Most prominently, concerns about liquidity across asset classes have escalated to levels not seen since the financial crisis. On the surface, this is a troubling development, given the cascading failures a lack of liquidity caused through much of 2008.
Spreads on bonds—a measure of the premium investors demand to take on the risk of default—have spiked. At the start of the year, investors received little premium to hold even low-quality bonds. Now, holders of even highly rated bonds are demanding double or triple the premium, pushing yields higher and bond prices lower at a time when stocks have also sold off.
To be fair, high-quality bonds have held up far better than stocks, as we would expect. However, liquidity concerns and recessionary pressure have resulted in increasing correlation between stocks and bonds, a sign of distress in markets.
Despite concerns about liquidity and declines in portfolio values, there also are some signs of optimism.
For starters, banks began this crisis far better capitalized than in 2007. Stress tests outlined by the Federal Reserve showed potential cracks in the financial system that banks have responded to by strengthening balance sheets and exhibiting more responsible behavior, thus strengthening the foundation of our economy.

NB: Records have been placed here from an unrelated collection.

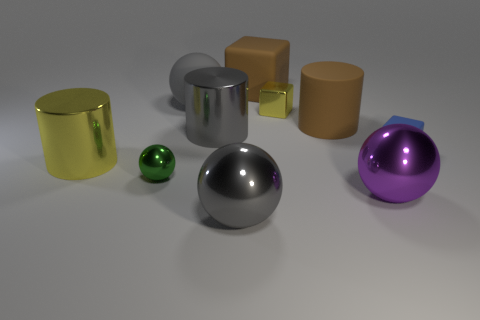Does the tiny metal block have the same color as the metallic cylinder that is to the left of the gray shiny cylinder?
Provide a short and direct response. Yes. There is a rubber block behind the gray rubber ball that is behind the green metal ball; what is its color?
Your response must be concise. Brown. Are there any large metal things behind the small metallic thing that is to the left of the gray sphere in front of the tiny green ball?
Give a very brief answer. Yes. There is a tiny cube that is the same material as the green thing; what color is it?
Keep it short and to the point. Yellow. How many big gray cylinders have the same material as the tiny green ball?
Offer a terse response. 1. Are the large brown cube and the ball that is behind the small blue cube made of the same material?
Offer a very short reply. Yes. How many things are either small shiny objects that are behind the yellow cylinder or gray spheres?
Provide a succinct answer. 3. There is a yellow metallic thing that is to the right of the gray metallic object in front of the sphere on the right side of the small yellow thing; how big is it?
Provide a short and direct response. Small. There is a object that is the same color as the large matte cube; what is it made of?
Provide a succinct answer. Rubber. There is a cylinder in front of the small object on the right side of the tiny yellow object; what size is it?
Your answer should be very brief. Large. 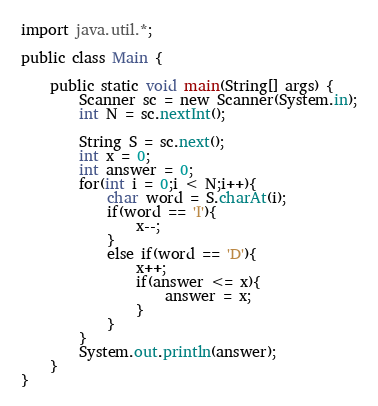Convert code to text. <code><loc_0><loc_0><loc_500><loc_500><_Java_>import java.util.*;

public class Main {

	public static void main(String[] args) {
		Scanner sc = new Scanner(System.in);
		int N = sc.nextInt();
		
		String S = sc.next();
		int x = 0;
		int answer = 0;
		for(int i = 0;i < N;i++){
			char word = S.charAt(i);
			if(word == 'I'){
				x--;
			}
			else if(word == 'D'){
				x++;
				if(answer <= x){
					answer = x;
				}
			}
		}
		System.out.println(answer);	
	}
}</code> 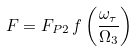<formula> <loc_0><loc_0><loc_500><loc_500>F = F _ { P 2 } \, f \left ( \frac { \omega _ { \tau } } { \Omega _ { 3 } } \right )</formula> 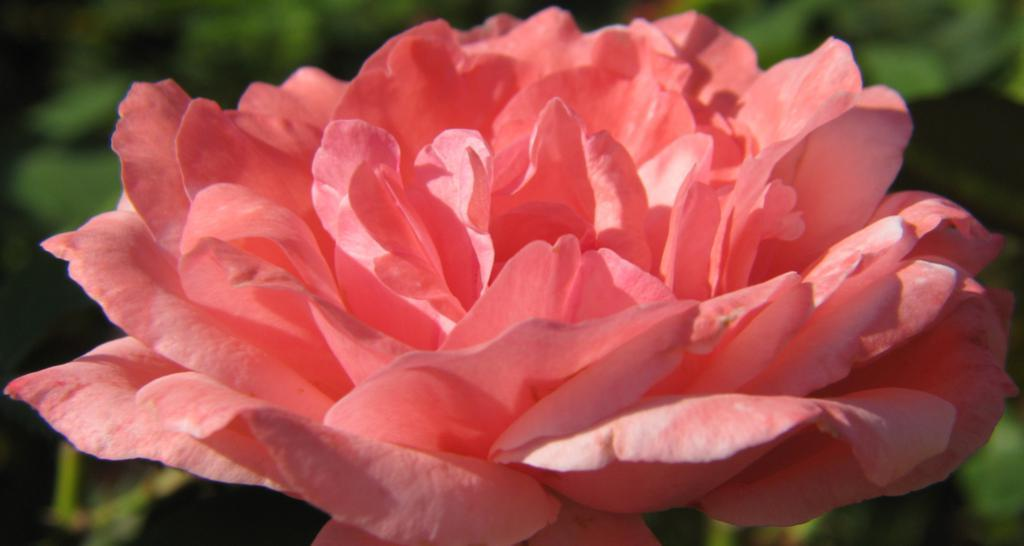What is the main subject of the image? There is a flower in the image. What can be seen in the background of the image? There are plants in the background of the image. How would you describe the quality of the image? The image is blurry. How many snakes are slithering around the flower in the image? There are no snakes present in the image; it features a flower and plants in the background.

Perhaps more importantly, the Federal Reserve has taken swift action to return liquidity to financial markets. Using tools first tested in the financial crisis and adapted to our current situation, the Federal Reserve has instituted emergency lending programs that could provide $4 trillion or more of liquidity to the system.
On top of the Fed’s actions, on March 26, the Senate passed a $2 trillion stimulus bill aimed at supporting businesses and individuals. In addition to direct payments to middle- and lower-income individuals and families, the bill is intended to provide billions for hospitals, airlines and other businesses.
Uncertainty surrounding COVID-19 poses many questions about a return to normalcy. In the words of Dr. Anthony Fauci, “You don’t make the timeline. The virus makes the timeline.” And, the longer the virus persists, the more economic damage will accumulate.
Fortunately, coordinated efforts by central banks and policymakers can provide some of the immediate relief needed by the economy and markets. That could buy time for health experts and scientists to do the difficult work of fighting this virus—eventually allowing for a return to some semblance of normal.
Kyle Tetting is director of research and an investment advisor at Landaas & Company.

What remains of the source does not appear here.